Record set below:

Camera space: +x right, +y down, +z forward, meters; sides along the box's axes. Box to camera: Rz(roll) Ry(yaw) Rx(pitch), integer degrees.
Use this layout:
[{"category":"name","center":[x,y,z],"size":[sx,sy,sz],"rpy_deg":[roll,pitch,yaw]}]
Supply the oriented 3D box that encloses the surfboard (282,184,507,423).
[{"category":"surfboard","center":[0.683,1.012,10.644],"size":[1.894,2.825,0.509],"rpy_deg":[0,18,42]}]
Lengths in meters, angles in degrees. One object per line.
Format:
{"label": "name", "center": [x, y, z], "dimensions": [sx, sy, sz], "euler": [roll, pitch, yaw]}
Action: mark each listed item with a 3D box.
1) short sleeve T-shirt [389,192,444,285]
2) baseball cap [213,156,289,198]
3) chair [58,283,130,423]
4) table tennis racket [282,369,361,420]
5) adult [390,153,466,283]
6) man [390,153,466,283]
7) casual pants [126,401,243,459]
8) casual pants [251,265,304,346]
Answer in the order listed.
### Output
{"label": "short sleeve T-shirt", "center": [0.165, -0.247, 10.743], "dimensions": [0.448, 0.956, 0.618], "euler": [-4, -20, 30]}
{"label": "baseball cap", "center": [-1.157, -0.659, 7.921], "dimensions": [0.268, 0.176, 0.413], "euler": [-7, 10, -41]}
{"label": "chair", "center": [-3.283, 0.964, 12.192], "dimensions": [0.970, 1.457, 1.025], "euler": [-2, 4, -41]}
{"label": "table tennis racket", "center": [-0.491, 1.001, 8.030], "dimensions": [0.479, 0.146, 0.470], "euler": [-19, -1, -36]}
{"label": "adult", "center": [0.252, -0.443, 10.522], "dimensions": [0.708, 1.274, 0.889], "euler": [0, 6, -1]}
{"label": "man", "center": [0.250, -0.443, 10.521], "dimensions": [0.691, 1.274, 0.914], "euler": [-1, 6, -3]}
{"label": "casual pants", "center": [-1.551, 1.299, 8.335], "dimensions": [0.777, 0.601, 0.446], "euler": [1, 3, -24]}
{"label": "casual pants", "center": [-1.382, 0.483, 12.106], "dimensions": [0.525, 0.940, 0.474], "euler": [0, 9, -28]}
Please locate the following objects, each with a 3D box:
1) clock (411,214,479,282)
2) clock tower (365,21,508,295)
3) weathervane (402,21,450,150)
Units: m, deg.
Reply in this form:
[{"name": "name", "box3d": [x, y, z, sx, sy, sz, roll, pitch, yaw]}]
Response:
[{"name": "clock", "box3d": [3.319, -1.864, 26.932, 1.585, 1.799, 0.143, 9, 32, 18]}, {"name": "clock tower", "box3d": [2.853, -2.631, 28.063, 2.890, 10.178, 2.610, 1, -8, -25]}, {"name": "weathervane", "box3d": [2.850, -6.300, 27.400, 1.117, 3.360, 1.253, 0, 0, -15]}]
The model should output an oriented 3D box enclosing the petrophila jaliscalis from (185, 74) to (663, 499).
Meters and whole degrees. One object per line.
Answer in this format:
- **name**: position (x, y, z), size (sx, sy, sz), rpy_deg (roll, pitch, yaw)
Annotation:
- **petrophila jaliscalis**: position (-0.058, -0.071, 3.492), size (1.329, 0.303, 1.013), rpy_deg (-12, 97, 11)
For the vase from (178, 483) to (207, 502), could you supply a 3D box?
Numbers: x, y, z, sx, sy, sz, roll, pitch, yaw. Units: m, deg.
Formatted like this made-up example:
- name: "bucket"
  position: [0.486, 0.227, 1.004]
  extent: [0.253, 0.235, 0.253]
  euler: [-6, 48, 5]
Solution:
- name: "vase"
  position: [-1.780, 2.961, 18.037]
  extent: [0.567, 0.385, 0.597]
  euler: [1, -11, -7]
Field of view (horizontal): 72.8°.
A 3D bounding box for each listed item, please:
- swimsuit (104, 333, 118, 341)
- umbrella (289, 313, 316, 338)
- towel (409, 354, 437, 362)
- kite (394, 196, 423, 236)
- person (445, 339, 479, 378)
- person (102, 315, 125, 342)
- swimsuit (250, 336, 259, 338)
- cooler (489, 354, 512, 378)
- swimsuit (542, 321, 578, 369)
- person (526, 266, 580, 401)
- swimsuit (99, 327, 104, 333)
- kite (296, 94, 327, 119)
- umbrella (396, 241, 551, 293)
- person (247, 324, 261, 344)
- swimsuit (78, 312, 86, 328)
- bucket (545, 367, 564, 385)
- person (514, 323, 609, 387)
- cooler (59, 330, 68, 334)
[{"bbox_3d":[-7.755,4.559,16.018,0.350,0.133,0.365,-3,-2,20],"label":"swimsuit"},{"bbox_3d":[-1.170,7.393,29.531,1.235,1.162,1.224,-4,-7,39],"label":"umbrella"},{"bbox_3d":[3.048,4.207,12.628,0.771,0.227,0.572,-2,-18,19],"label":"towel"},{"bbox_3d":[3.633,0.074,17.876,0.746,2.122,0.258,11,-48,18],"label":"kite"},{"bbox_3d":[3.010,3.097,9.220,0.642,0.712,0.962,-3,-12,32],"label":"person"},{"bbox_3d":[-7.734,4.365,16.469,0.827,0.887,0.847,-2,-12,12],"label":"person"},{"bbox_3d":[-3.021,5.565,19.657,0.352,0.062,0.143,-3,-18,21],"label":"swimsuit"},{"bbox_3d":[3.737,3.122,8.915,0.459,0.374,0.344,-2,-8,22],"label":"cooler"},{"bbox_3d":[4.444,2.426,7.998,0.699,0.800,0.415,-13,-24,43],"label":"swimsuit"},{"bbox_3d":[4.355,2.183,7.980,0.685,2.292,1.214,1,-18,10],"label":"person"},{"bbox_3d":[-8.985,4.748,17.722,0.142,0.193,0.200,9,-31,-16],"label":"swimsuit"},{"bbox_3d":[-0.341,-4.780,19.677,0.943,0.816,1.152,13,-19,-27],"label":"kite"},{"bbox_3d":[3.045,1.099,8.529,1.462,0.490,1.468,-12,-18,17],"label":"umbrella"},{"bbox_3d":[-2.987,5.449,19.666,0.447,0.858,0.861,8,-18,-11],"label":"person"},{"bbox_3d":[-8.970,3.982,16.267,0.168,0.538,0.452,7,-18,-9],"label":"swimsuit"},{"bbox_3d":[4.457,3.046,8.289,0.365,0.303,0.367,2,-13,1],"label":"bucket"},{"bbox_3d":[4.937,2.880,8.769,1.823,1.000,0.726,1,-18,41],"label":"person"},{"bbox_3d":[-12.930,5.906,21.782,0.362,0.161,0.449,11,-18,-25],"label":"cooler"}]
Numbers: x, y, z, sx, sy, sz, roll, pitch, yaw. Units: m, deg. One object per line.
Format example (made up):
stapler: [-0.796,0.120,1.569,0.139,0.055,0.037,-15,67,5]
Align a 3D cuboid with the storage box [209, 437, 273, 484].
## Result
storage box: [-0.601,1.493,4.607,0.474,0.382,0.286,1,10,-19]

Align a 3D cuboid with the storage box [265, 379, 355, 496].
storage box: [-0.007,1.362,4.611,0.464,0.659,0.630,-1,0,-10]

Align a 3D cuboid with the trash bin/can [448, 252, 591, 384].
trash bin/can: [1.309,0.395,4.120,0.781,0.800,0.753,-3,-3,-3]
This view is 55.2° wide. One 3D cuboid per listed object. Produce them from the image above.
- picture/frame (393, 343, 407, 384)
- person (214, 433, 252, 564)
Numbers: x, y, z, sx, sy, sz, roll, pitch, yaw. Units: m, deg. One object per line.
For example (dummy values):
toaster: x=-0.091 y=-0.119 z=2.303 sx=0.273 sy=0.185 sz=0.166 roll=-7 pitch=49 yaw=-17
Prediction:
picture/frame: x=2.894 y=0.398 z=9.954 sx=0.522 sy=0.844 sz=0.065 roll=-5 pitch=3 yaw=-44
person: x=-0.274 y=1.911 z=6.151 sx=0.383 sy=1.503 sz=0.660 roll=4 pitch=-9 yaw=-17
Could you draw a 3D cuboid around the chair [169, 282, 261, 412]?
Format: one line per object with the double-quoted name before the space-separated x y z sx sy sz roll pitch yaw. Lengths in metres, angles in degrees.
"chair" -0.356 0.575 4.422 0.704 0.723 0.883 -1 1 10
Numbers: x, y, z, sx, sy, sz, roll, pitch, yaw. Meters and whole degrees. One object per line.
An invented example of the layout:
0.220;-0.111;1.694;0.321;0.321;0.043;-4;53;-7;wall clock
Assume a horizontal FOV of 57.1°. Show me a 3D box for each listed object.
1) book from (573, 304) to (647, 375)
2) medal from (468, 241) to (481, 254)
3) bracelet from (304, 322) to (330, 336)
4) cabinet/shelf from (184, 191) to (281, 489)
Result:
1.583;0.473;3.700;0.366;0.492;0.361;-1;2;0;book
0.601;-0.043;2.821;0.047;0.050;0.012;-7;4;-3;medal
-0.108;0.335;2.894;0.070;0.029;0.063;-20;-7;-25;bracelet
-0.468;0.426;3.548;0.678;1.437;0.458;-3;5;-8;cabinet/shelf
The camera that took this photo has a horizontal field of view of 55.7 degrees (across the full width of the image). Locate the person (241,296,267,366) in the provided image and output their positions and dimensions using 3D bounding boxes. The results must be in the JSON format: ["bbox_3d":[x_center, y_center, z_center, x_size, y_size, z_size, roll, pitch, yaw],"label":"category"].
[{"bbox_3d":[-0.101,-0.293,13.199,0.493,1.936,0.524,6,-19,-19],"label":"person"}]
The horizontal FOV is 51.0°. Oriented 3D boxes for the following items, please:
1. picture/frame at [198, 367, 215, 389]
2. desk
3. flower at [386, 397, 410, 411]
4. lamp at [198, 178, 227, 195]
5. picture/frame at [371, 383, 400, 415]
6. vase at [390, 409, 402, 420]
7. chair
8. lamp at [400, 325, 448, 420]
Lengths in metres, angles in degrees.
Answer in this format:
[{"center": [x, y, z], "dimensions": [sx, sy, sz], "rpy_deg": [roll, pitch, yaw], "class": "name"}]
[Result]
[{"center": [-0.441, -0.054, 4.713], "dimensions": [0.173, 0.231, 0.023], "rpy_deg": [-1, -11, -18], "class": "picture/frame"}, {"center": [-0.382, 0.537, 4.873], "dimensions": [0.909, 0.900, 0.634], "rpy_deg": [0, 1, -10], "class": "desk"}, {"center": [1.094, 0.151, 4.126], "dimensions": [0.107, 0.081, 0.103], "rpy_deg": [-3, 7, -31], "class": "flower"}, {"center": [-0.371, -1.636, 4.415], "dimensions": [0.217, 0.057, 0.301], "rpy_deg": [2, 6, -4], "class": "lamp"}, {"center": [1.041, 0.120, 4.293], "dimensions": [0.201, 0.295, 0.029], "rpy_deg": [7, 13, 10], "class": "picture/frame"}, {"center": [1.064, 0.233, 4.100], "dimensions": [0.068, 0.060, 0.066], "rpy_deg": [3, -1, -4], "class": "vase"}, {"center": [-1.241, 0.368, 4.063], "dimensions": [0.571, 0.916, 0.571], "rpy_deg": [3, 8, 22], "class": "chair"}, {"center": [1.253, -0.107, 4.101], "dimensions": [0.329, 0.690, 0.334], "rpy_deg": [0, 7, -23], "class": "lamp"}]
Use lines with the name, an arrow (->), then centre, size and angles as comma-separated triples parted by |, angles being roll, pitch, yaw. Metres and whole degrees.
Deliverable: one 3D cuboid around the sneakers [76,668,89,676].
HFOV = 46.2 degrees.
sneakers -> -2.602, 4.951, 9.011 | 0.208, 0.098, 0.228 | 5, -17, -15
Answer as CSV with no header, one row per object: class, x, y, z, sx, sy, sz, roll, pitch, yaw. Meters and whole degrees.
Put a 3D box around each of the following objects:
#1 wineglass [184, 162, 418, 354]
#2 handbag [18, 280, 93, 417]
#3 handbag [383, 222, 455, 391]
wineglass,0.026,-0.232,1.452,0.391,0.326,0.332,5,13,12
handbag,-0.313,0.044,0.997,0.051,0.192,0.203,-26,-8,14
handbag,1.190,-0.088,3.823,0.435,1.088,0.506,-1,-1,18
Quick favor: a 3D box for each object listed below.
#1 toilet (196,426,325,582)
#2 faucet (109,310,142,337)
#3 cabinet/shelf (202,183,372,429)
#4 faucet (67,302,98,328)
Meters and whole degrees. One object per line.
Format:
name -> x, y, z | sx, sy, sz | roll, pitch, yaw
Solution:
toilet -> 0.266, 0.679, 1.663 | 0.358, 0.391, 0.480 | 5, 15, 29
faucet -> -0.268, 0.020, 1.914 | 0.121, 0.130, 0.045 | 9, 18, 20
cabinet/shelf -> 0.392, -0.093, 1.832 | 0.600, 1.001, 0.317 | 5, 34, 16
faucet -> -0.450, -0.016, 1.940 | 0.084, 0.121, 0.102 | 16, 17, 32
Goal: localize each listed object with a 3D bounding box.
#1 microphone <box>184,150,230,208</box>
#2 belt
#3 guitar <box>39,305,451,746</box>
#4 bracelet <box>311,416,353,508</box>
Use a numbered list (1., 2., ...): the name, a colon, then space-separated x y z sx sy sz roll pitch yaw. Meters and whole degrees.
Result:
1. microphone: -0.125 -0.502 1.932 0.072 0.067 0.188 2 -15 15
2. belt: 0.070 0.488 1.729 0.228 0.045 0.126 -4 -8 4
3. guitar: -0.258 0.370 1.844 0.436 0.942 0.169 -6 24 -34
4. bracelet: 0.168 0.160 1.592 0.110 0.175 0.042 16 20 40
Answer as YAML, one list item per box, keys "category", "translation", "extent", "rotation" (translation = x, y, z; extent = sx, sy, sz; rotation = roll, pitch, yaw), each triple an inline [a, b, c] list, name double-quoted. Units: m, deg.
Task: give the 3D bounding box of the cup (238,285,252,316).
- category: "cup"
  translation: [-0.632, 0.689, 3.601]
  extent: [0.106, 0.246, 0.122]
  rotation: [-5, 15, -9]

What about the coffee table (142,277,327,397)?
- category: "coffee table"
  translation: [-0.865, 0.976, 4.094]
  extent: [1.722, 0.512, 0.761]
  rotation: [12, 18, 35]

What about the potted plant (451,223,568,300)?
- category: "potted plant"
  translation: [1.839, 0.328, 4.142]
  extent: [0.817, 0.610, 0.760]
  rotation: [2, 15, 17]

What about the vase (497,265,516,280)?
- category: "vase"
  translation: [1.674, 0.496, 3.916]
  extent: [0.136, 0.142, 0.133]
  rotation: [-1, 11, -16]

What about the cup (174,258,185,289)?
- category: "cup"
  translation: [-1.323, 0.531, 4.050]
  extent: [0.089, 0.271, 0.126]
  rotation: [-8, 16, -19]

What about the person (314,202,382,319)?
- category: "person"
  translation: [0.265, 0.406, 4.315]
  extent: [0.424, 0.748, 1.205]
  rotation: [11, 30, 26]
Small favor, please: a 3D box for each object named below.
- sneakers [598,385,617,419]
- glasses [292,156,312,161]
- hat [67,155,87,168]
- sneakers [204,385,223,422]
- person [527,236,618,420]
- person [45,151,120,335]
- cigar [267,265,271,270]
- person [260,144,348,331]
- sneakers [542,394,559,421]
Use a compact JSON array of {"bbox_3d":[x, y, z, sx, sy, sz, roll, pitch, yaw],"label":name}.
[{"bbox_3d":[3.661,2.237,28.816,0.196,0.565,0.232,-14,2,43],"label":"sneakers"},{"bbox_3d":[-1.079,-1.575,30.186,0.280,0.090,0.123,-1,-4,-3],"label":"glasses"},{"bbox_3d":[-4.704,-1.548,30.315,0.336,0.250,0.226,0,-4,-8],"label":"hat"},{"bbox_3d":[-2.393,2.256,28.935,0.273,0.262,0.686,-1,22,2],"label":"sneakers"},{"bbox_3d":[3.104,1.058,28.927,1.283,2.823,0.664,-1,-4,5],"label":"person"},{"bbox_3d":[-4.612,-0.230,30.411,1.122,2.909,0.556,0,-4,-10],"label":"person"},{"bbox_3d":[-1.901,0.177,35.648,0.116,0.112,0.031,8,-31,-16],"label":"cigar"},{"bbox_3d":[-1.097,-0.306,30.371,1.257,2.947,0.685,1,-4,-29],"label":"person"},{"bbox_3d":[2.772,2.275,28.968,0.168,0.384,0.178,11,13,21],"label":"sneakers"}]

End of Record set.

→ **Problem**:
All lines from the beginning of the listing through the one with "Answer in the order listed." are to be restated word for word, and only those.

→ **Answer to this exercise**:
Camera space: +x right, +y down, +z forward, meters; sides along the box's axes. Box to camera: Rz(roll) Ry(yaw) Rx(pitch), integer degrees.
Use this layout:
[{"category":"name","center":[x,y,z],"size":[sx,sy,sz],"rpy_deg":[roll,pitch,yaw]}]
Supply the oriented 3D box that encloses the surfboard (282,184,507,423).
[{"category":"surfboard","center":[0.683,1.012,10.644],"size":[1.894,2.825,0.509],"rpy_deg":[0,18,42]}]
Lengths in meters, angles in degrees. One object per line.
Format:
{"label": "name", "center": [x, y, z], "dimensions": [sx, sy, sz], "euler": [roll, pitch, yaw]}
Action: mark each listed item with a 3D box.
1) short sleeve T-shirt [389,192,444,285]
2) baseball cap [213,156,289,198]
3) chair [58,283,130,423]
4) table tennis racket [282,369,361,420]
5) adult [390,153,466,283]
6) man [390,153,466,283]
7) casual pants [126,401,243,459]
8) casual pants [251,265,304,346]
Answer in the order listed.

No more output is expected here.